If you are developing from an OS other than SmartOS, you obviously can't be updating binary parts of Amon. Currently that typically only bites when trying to update npm deps of the version of node used by the Amon components.

Testing

Currently the primary client of the test suite is testing in a full install of all Amon components in a full SDC setup (e.g. in COAL). The bulk of the test suite (everything under "test/...") is installed with the Amon Relay (i.e. in the headnode global zone).

You can run the test suite from there as follows:

cd /opt/smartdc/agents/lib/node_modules/amon-relay
./test/runtests

This will run all the main tests against the running Amon system and also login to the Amon Master zone(s) and run its local test suite.

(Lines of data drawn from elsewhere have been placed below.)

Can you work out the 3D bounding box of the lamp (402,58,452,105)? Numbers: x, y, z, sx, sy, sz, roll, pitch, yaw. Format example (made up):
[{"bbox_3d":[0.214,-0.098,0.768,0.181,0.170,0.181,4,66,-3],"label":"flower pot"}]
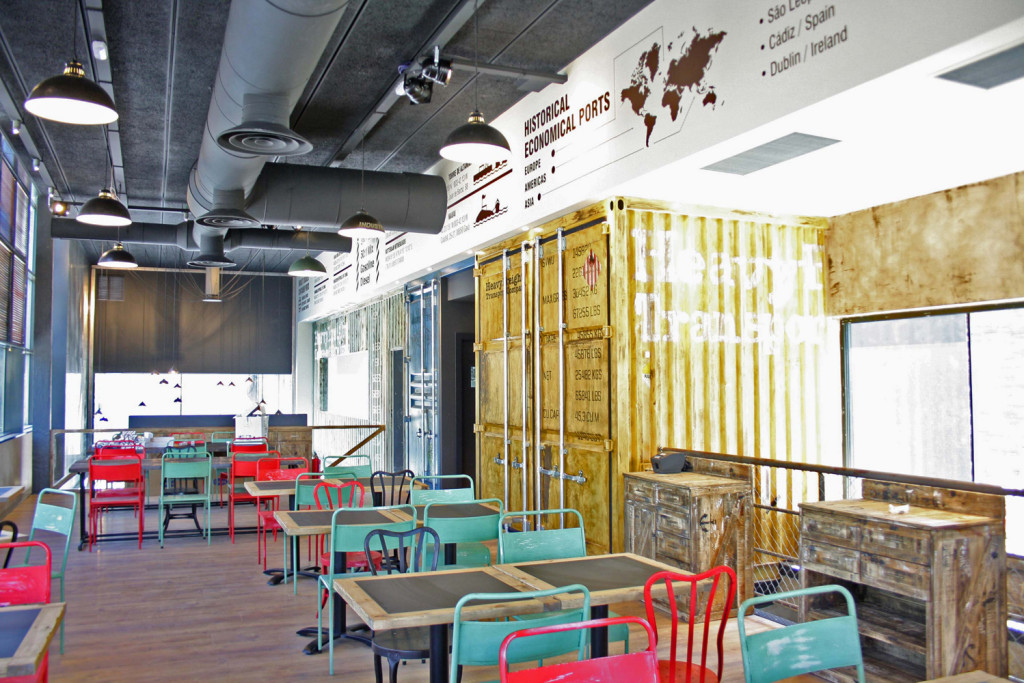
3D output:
[{"bbox_3d":[-0.852,-2.740,7.125,0.463,0.200,0.372,3,-8,-5],"label":"lamp"}]

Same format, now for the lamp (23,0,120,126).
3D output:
[{"bbox_3d":[-3.203,-1.900,5.087,0.459,0.513,0.450,-3,-6,33],"label":"lamp"}]

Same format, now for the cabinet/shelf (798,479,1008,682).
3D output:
[{"bbox_3d":[2.814,1.693,4.936,0.810,1.474,1.295,4,-12,-12],"label":"cabinet/shelf"}]

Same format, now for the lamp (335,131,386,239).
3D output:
[{"bbox_3d":[-1.922,-1.756,8.924,0.482,1.070,1.798,1,-5,-11],"label":"lamp"}]

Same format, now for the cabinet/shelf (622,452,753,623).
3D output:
[{"bbox_3d":[1.645,1.805,6.714,0.656,0.949,1.066,5,-4,-27],"label":"cabinet/shelf"}]
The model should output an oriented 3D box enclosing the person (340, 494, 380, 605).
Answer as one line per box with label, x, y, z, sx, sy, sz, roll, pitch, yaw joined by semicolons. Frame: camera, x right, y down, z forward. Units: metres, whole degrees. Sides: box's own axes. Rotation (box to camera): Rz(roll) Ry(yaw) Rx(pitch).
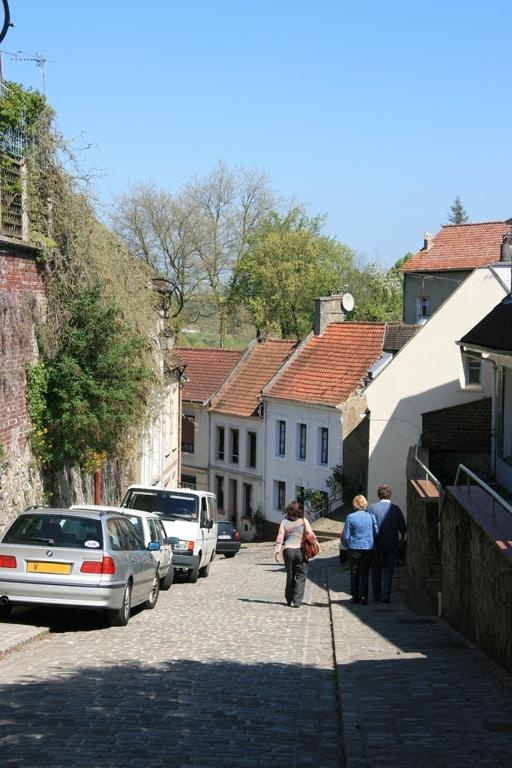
person;1.411;2.253;13.411;0.477;1.484;0.843;-1;-2;5
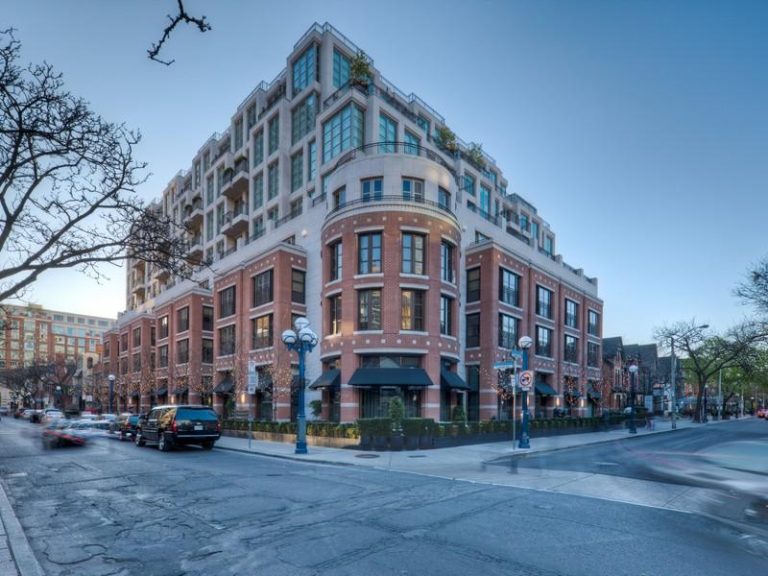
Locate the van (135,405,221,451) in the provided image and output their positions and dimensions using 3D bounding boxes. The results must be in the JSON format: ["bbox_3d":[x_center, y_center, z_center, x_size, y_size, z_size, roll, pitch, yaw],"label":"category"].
[{"bbox_3d":[-9.813,6.379,31.356,1.912,1.692,4.118,11,-13,-38],"label":"van"}]

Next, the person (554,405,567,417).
[{"bbox_3d":[13.656,9.523,52.107,0.769,0.826,0.406,17,-22,-31],"label":"person"}]

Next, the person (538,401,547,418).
[{"bbox_3d":[12.428,9.339,52.365,0.613,1.291,1.182,-14,-21,39],"label":"person"}]

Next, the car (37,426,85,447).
[{"bbox_3d":[-15.498,7.109,32.100,2.353,1.075,1.201,-5,-17,11],"label":"car"}]
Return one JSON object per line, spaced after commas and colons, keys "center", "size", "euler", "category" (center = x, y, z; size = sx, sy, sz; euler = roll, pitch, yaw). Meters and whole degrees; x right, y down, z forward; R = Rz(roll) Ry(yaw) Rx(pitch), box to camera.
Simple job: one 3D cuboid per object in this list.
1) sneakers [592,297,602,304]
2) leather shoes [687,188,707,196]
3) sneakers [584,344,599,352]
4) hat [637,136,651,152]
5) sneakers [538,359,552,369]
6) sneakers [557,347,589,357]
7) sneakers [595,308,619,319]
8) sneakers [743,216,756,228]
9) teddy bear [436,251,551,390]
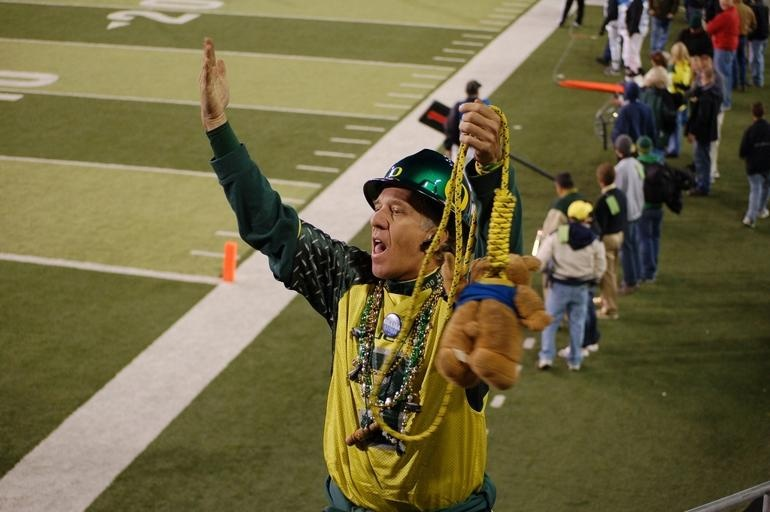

To sync local changes to a running COAL and run the test suite there try:

make test-coal

COAL Notes: Getting email notifications

For many ISPs it is common for outbound SMTP traffic (port 25) to be blocked. This means that Amon Master's default mail config results in no outbound email notifications. One way around that is to use your gmail account like this:

$ ssh coal                  # login to your COAL headnode gz
$ sdc-login amon            # login to the "amon" core zone
$ vi /opt/smartdc/amon/cfg/amon-master.json
# Edit the "notificationsPlugins.email.config" key to looks something like:
    "config": {
      "smtp": {
        "host": "smtp.gmail.com",
        "port": 587,
        "ssl": false,
        "use_authentication": true,
        "user": "YOUR-GMAIL-NAME@gmail.com",
        "pass": "YOUR-GMAIL-PASSWORD"
       },
      "from": "\"Monitoring (no reply)\" <no-reply@joyent.com>"
    }
$ svcadm restart amon-master

Personally, I'm using a separate gmail account for this so I don't have to put my personal gmail password in that config file.